** TASK STATEMENT **
In the records that follow, find the line containing "What is the impact" and the line containing "Answer: 75 MPa", then transcribe both and every line between them exactly, omitting pictures.

++++ SOURCE DATA ++++

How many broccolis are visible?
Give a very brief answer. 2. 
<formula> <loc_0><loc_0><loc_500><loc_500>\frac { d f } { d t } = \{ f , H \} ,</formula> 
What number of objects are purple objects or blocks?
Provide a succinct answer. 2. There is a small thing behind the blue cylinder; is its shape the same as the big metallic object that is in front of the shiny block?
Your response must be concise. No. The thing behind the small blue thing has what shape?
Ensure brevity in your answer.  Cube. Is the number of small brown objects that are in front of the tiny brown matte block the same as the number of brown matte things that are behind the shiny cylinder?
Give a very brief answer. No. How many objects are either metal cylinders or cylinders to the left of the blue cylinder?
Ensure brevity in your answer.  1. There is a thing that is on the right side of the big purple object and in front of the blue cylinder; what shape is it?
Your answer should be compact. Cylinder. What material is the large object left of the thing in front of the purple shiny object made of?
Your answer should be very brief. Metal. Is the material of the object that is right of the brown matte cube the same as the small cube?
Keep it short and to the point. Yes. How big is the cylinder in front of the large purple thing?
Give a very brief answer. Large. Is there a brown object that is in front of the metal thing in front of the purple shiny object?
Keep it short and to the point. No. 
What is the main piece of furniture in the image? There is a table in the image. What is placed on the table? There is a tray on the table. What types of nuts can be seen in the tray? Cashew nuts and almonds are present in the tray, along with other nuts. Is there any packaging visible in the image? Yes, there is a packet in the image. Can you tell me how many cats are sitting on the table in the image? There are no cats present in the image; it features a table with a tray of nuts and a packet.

++++
++++ SOURCE DATA ++++

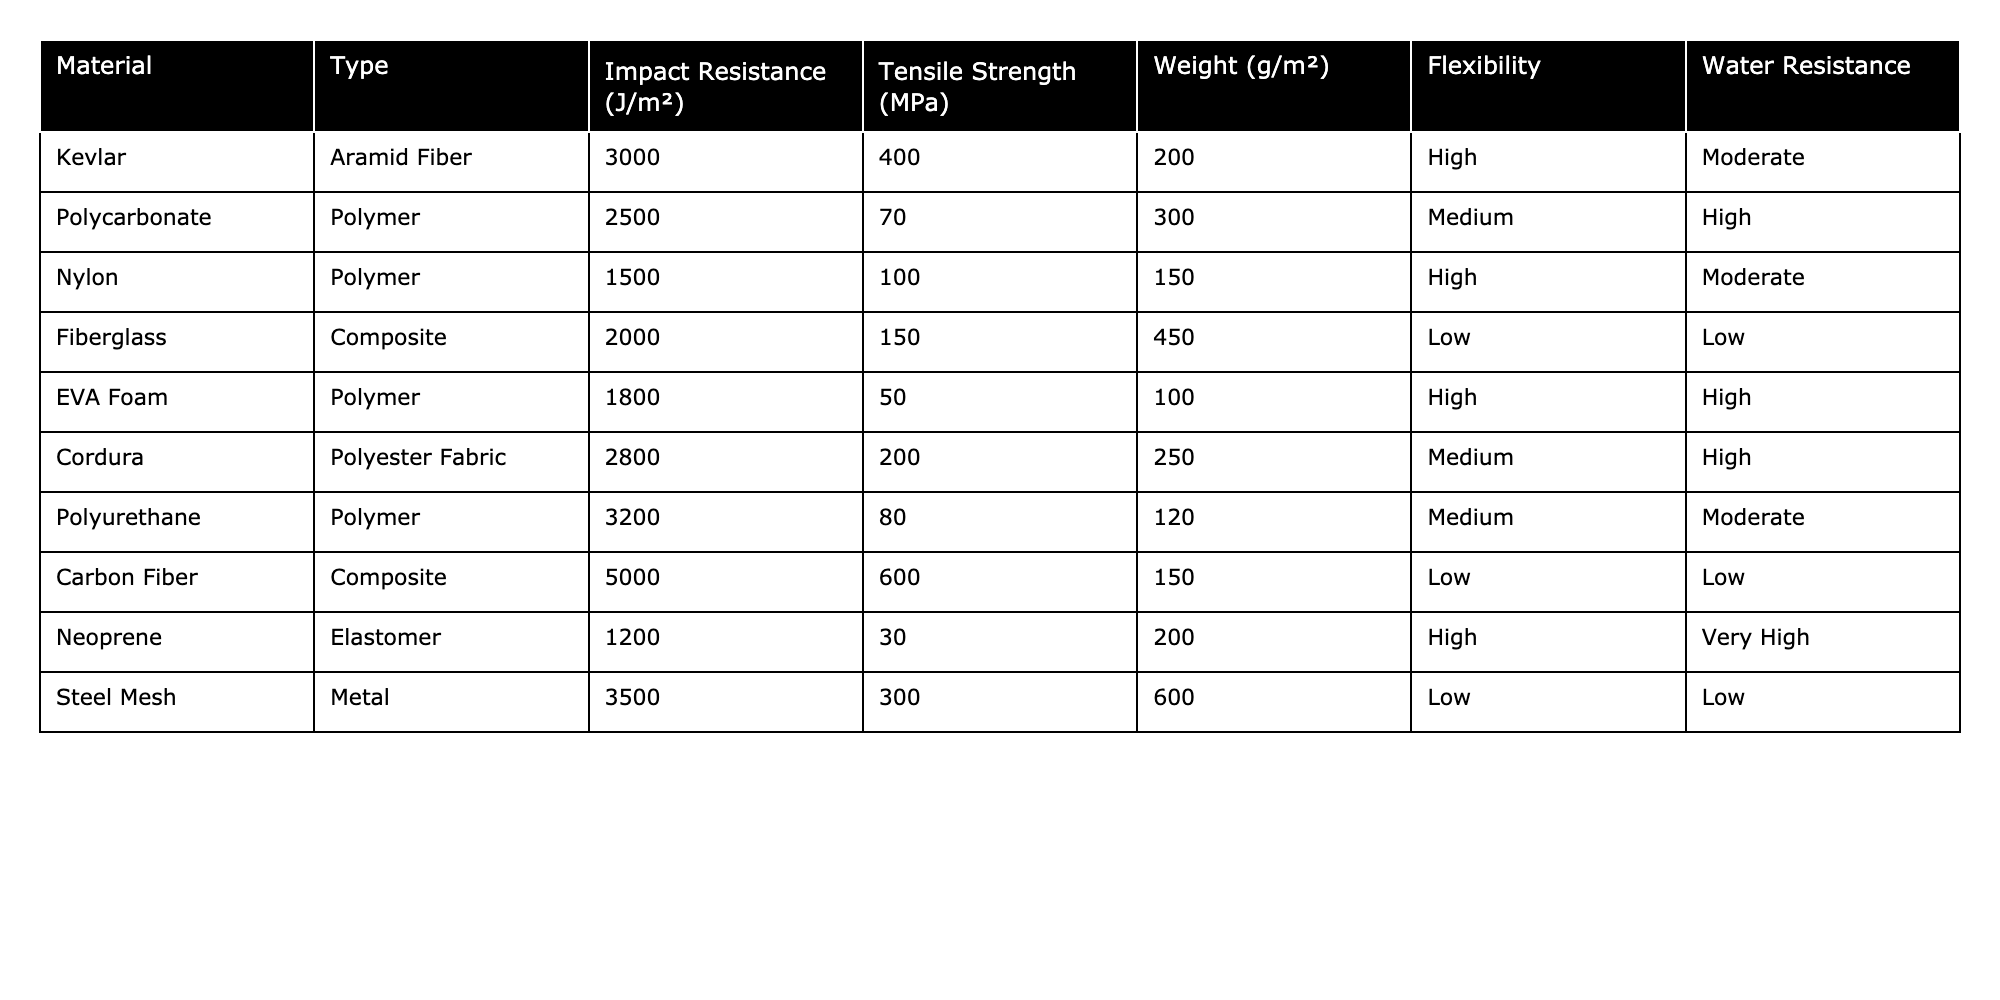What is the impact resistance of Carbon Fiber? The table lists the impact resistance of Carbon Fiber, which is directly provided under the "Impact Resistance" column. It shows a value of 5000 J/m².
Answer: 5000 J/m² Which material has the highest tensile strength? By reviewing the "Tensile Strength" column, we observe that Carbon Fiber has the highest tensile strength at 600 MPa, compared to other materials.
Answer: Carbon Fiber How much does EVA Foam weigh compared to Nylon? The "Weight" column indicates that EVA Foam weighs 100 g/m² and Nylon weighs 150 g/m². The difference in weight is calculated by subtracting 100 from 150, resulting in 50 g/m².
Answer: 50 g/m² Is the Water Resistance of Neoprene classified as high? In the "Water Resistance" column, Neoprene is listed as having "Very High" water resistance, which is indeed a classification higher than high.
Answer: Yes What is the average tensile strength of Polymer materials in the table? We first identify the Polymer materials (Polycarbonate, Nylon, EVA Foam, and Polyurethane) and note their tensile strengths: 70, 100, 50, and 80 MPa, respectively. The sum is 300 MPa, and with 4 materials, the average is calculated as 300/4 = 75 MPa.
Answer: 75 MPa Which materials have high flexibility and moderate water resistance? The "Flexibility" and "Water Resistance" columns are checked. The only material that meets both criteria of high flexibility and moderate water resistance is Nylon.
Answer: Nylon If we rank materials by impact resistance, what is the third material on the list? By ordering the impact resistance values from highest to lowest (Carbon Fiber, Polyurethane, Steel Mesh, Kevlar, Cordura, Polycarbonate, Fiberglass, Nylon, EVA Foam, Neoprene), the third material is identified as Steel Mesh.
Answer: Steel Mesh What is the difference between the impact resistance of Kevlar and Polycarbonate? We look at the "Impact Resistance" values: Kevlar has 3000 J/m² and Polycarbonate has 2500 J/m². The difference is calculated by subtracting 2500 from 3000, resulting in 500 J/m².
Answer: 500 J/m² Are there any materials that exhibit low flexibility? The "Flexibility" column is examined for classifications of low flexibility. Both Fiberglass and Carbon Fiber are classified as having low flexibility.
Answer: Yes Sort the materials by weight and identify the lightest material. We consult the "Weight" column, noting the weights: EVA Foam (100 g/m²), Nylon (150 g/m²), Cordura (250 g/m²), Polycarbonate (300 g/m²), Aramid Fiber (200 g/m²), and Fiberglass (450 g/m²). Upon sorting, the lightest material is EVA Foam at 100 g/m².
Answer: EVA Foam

++++

** EXERCISE RESULT **
What is the impact resistance of Carbon Fiber? The table lists the impact resistance of Carbon Fiber, which is directly provided under the "Impact Resistance" column. It shows a value of 5000 J/m².
Answer: 5000 J/m² Which material has the highest tensile strength? By reviewing the "Tensile Strength" column, we observe that Carbon Fiber has the highest tensile strength at 600 MPa, compared to other materials.
Answer: Carbon Fiber How much does EVA Foam weigh compared to Nylon? The "Weight" column indicates that EVA Foam weighs 100 g/m² and Nylon weighs 150 g/m². The difference in weight is calculated by subtracting 100 from 150, resulting in 50 g/m².
Answer: 50 g/m² Is the Water Resistance of Neoprene classified as high? In the "Water Resistance" column, Neoprene is listed as having "Very High" water resistance, which is indeed a classification higher than high.
Answer: Yes What is the average tensile strength of Polymer materials in the table? We first identify the Polymer materials (Polycarbonate, Nylon, EVA Foam, and Polyurethane) and note their tensile strengths: 70, 100, 50, and 80 MPa, respectively. The sum is 300 MPa, and with 4 materials, the average is calculated as 300/4 = 75 MPa.
Answer: 75 MPa Which materials have high flexibility and moderate water resistance? The "Flexibility" and "Water Resistance" columns are checked. The only material that meets both criteria of high flexibility and moderate water resistance is Nylon.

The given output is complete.